» **EXERCISE OBJECTIVE**
Copy nothing from the entries below except the lines from the one containing "Give a very brief answer. 3." through the one containing "Your answer should be compact. No.", and copy those exactly.

____________

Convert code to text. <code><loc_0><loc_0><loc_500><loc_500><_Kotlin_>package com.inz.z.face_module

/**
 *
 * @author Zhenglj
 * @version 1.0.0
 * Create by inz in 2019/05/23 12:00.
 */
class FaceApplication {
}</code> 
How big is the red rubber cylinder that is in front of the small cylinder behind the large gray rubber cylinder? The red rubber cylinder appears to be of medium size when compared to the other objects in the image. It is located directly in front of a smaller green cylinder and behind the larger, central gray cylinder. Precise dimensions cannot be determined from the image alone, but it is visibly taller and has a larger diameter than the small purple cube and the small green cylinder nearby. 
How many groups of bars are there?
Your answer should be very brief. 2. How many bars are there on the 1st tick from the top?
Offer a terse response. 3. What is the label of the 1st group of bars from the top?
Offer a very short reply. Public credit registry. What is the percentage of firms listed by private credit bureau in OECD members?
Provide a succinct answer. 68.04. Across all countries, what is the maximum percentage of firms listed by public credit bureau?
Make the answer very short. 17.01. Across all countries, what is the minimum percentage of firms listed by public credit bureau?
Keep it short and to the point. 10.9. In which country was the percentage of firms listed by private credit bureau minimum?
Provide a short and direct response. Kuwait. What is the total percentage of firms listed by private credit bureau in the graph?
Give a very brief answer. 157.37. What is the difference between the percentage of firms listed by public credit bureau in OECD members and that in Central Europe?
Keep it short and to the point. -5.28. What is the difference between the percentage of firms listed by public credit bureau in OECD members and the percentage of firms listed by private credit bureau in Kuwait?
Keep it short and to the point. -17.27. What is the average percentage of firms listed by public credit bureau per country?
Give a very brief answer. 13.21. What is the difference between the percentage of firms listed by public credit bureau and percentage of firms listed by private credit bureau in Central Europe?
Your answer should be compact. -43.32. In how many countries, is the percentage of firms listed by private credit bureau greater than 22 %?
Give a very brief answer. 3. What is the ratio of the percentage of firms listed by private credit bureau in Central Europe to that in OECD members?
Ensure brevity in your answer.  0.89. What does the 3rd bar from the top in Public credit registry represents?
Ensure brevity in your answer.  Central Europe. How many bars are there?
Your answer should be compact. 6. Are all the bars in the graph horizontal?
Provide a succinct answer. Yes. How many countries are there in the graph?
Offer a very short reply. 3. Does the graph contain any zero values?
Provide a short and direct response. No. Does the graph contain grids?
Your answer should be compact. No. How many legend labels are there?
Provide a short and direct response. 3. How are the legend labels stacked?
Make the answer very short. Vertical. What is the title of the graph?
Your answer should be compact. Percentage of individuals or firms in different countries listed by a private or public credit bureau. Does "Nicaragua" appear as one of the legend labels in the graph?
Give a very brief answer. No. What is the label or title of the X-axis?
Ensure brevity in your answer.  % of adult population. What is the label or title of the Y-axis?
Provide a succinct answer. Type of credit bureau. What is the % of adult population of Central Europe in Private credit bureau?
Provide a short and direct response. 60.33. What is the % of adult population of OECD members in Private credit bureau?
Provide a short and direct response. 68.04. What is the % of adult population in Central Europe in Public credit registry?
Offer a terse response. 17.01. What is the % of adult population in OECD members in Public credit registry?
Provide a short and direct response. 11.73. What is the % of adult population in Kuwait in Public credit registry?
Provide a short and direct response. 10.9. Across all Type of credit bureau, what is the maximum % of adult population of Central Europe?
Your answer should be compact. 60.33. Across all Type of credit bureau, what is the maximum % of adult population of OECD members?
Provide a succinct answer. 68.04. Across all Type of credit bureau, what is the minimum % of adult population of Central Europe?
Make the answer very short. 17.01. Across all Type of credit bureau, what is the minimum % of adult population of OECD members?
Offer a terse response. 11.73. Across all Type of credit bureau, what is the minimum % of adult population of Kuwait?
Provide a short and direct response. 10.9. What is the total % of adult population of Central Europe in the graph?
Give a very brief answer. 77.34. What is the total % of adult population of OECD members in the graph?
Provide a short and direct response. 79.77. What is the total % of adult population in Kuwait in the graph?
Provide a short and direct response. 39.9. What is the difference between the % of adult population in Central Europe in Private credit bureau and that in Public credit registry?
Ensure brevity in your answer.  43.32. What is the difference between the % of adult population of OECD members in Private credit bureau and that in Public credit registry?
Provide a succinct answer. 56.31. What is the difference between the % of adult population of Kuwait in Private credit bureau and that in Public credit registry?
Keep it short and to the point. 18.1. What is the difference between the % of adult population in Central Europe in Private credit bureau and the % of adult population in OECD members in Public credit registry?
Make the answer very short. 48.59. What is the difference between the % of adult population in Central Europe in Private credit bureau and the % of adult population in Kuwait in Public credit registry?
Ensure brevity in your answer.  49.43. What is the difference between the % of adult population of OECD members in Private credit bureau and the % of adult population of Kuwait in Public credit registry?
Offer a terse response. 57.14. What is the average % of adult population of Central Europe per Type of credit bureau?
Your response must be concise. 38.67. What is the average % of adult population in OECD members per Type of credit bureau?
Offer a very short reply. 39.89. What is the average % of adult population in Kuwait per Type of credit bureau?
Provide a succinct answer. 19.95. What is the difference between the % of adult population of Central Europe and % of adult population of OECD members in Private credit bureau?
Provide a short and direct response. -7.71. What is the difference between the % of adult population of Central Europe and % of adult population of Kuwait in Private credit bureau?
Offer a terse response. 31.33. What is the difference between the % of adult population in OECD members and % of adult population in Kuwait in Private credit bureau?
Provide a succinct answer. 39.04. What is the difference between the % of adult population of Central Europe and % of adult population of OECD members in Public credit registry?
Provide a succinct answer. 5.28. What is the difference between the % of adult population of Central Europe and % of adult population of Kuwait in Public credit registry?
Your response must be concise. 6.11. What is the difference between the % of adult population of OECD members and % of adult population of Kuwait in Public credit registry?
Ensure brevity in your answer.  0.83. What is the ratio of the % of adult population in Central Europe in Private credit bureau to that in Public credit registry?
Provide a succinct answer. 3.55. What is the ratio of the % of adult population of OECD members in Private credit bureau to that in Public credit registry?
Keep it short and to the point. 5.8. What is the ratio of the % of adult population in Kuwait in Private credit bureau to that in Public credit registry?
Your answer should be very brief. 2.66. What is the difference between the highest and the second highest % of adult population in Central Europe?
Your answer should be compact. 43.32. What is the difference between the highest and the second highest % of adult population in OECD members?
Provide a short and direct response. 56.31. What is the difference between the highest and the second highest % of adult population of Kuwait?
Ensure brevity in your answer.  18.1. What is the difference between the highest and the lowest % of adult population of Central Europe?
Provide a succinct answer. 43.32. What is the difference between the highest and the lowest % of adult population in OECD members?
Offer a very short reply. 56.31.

____________

» **TASK OUTPUT**
Give a very brief answer. 3. What is the ratio of the percentage of firms listed by private credit bureau in Central Europe to that in OECD members?
Ensure brevity in your answer.  0.89. What does the 3rd bar from the top in Public credit registry represents?
Ensure brevity in your answer.  Central Europe. How many bars are there?
Your answer should be compact. 6. Are all the bars in the graph horizontal?
Provide a succinct answer. Yes. How many countries are there in the graph?
Offer a very short reply. 3. Does the graph contain any zero values?
Provide a short and direct response. No. Does the graph contain grids?
Your answer should be compact. No. How many legend labels are there?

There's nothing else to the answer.